Exact Integration for an EP SDOF System

We want to compute the response, using the constant acceleration algorithm plus MNR, of an Elasto Plastic (EP) system... but how we can confirm or reject our results?

It turns out that computing the exact response of an EP system with a single degree of freedom is relatively simple.

Here we discuss a program that computes the analytical solution of our problem.

The main building blocks of the program will be two functions that compute, for the elastic phase and for the plastic phase, the analytical functions that give the displacement and the velocity as functions of time.

Elastic response

We are definining a function that, for a linear dynamic system, returns not the displacement or the velocity at a given time, but rather a couple of functions of time that we can use afterwards to compute displacements and velecities at any time of interest.

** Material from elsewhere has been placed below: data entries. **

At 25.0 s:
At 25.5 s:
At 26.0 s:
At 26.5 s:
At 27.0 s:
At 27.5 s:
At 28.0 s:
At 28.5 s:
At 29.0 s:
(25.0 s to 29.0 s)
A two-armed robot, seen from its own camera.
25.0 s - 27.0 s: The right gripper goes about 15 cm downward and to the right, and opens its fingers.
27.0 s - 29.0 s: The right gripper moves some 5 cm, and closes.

The response depends on the parameters of the dynamic system $m,c,k,$ on the initial conditions $x_0, v_0,$ and on the characteristics of the external load.

Here the external load is limited to a linear combination of a cosine modulated, a sine modulated (both with the same frequency $\omega$) and a constant force,

$P(t) = c_C \cos\omega t + c_S \sin\omega t + F,$

but that's all that is needed for the present problem.

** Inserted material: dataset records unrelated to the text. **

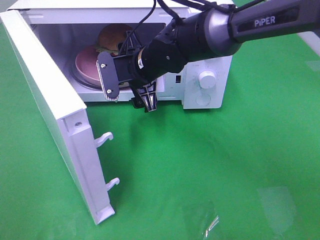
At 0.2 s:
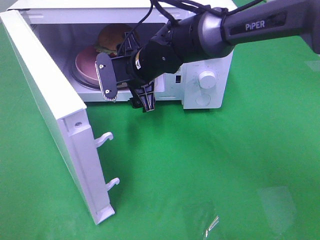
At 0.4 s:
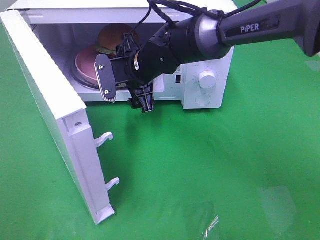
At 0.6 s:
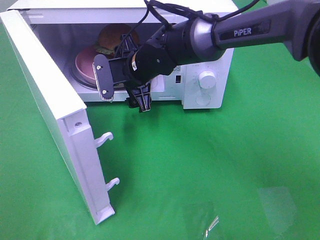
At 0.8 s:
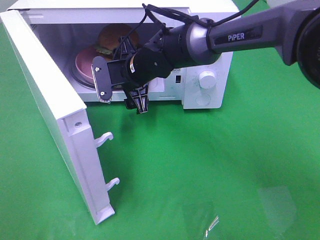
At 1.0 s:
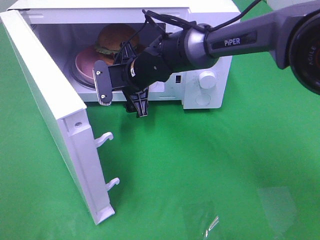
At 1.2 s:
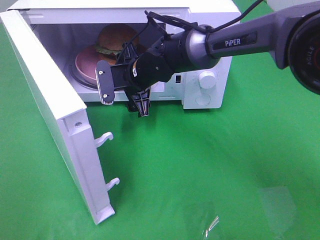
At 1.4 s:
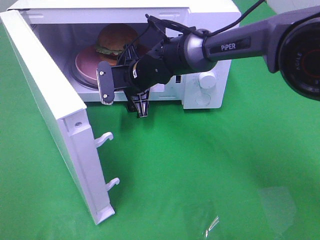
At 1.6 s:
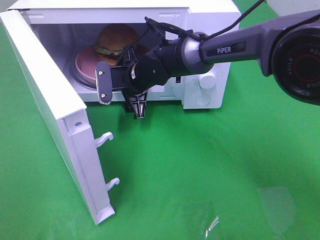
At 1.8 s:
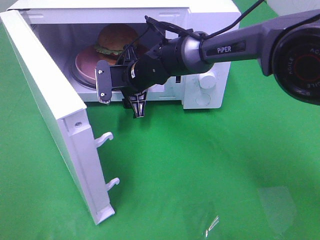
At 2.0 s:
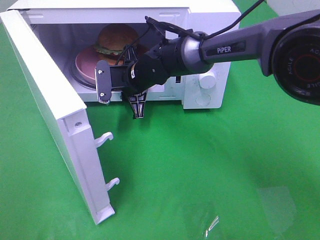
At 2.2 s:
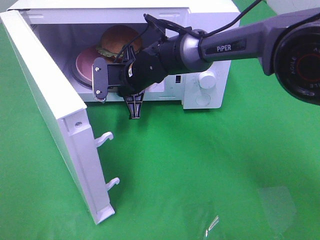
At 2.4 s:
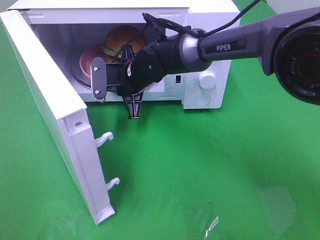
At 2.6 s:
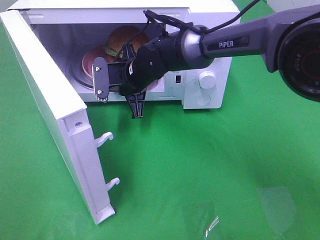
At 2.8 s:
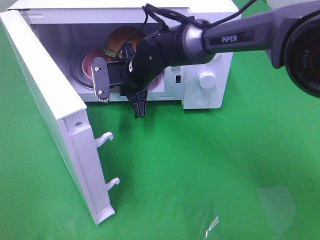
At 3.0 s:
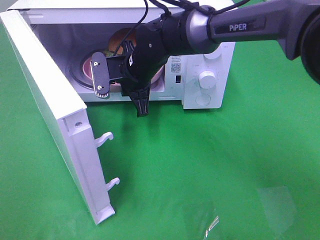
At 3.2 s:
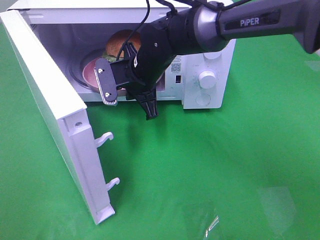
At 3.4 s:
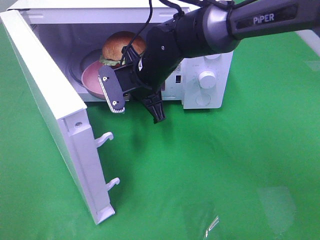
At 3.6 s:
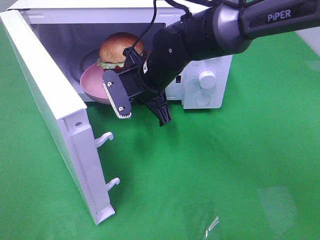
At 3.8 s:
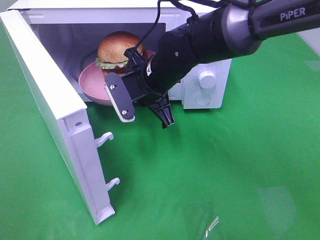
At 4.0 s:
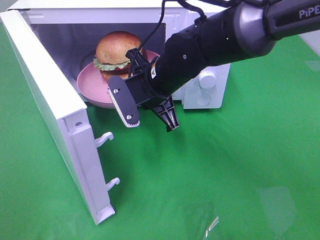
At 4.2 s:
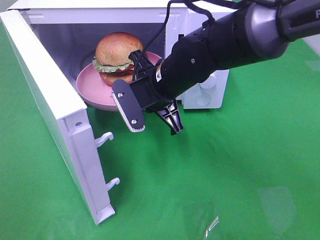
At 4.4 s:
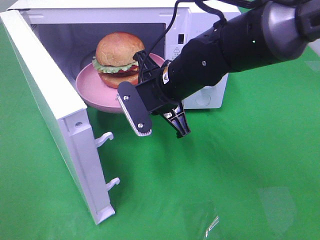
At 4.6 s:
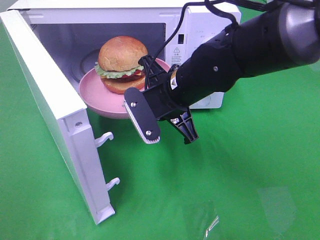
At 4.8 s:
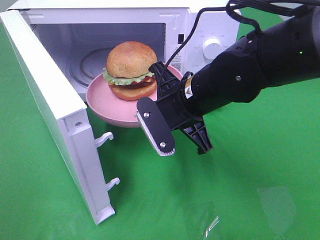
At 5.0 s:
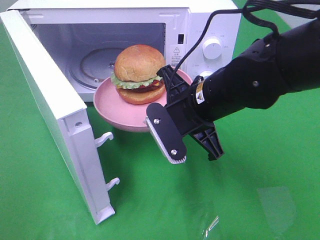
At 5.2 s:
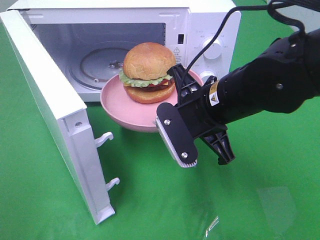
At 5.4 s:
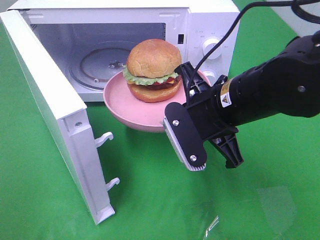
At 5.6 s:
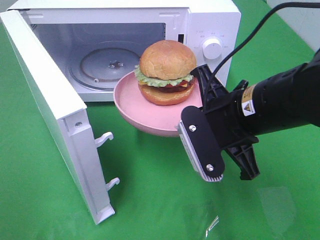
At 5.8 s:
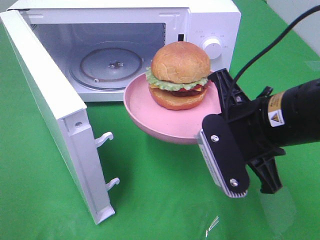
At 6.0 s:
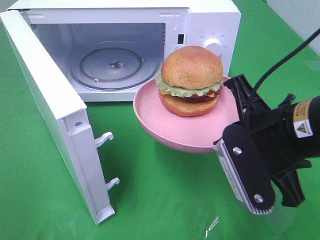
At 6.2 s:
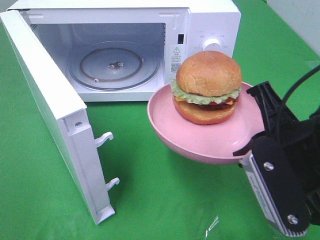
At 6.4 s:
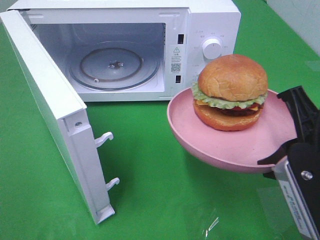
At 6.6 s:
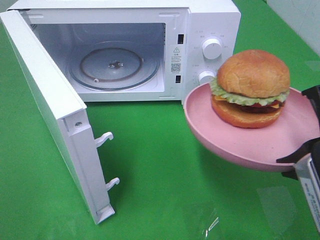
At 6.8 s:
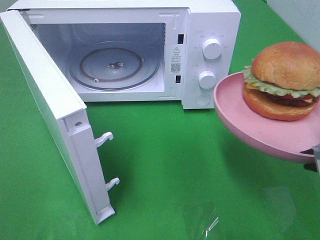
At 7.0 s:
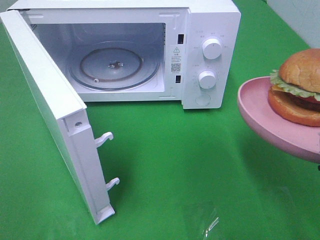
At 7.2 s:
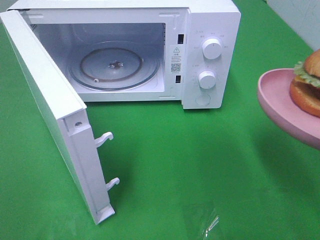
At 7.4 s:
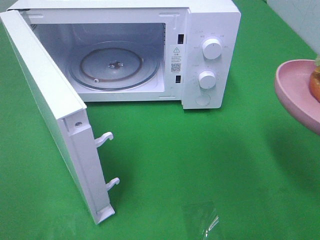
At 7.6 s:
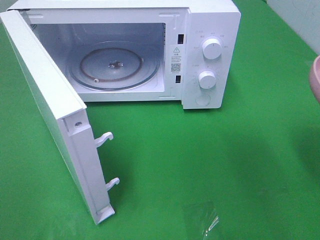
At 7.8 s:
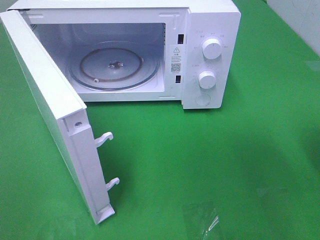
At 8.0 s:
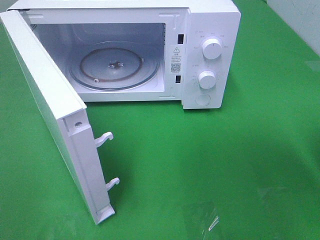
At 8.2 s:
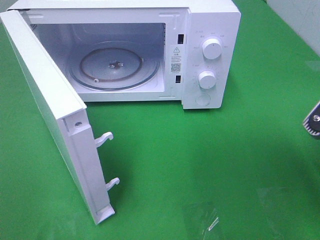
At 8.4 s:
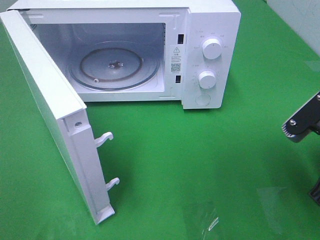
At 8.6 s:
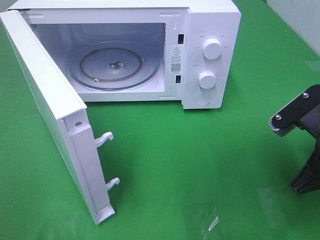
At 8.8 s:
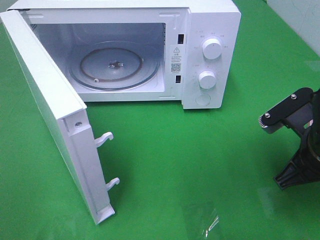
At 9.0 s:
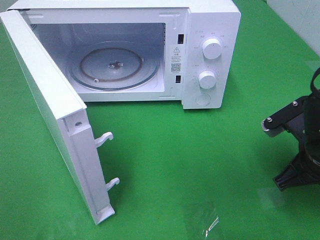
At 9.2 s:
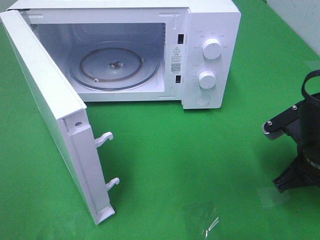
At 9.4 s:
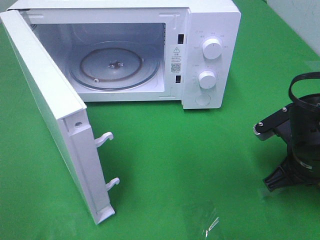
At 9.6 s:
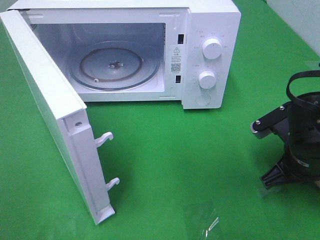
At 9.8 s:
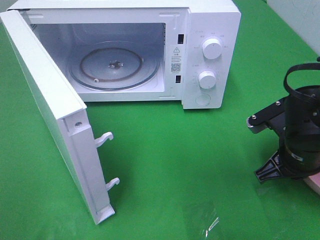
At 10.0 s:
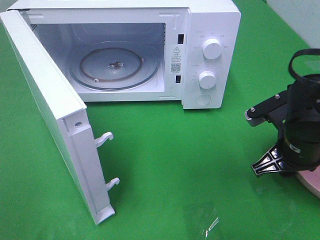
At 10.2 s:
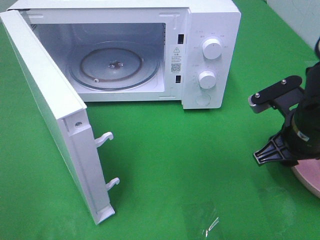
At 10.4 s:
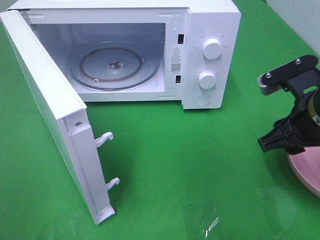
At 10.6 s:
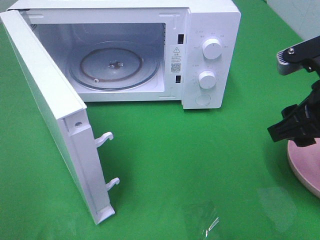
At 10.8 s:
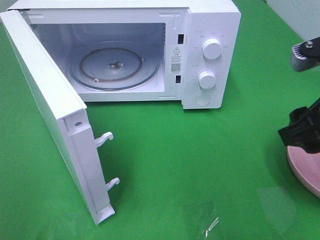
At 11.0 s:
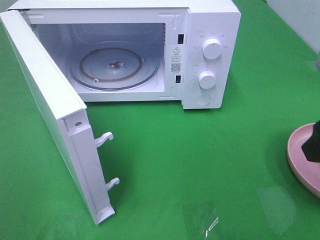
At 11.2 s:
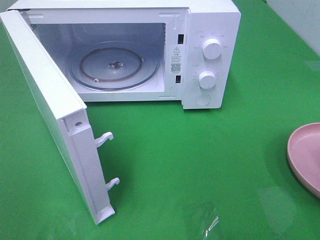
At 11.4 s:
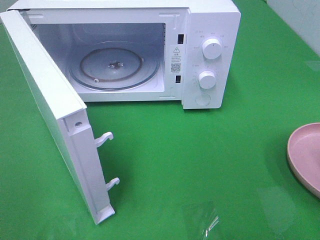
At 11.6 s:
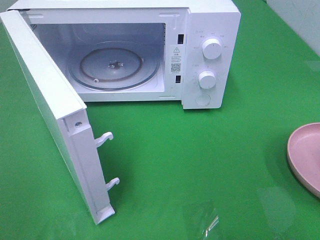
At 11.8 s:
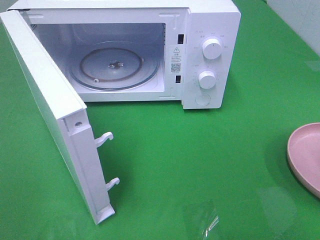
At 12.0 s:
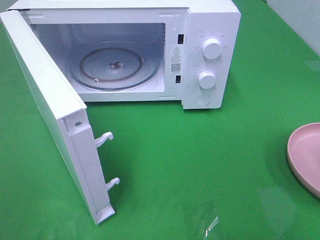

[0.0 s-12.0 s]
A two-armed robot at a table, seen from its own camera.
Task of the whole recording: Heat the burger.
Step, 0.0 to 2.2 s: Right hand: grab the plate with the hamburger.
Step, 2.4 to 9.8 s: Right hand: place the plate on the table.
0.0 to 1.6 s: The right gripper moves approximately 5 cm.
1.6 to 3.0 s: The right gripper closes.
3.0 to 4.4 s: The right gripper travels backward and to the right by roughly 10 cm.
4.4 to 6.0 s: The right gripper shifts approximately 20 cm backward and to the right.
6.0 to 7.6 s: The right gripper is displaced to the right by about 10 cm.
7.6 to 9.0 s: The right gripper goes approximately 15 cm downward and forward.
9.0 to 10.4 s: The right gripper travels upward by roughly 5 cm, and opens up.
10.4 to 12.0 s: The right gripper is displaced backward, upward and to the right by roughly 25 cm.

The particular integral being

$\xi(t) = S \cos\omega t + R \sin\omega t + D,$

substituting in the equation of motion and equating all the corresponding terms gives the undetermined coefficients in $\xi(t)$, then evaluation of the general integral and its time derivative for $t=0$ permits to find the constants in the homogeneous part of the integral.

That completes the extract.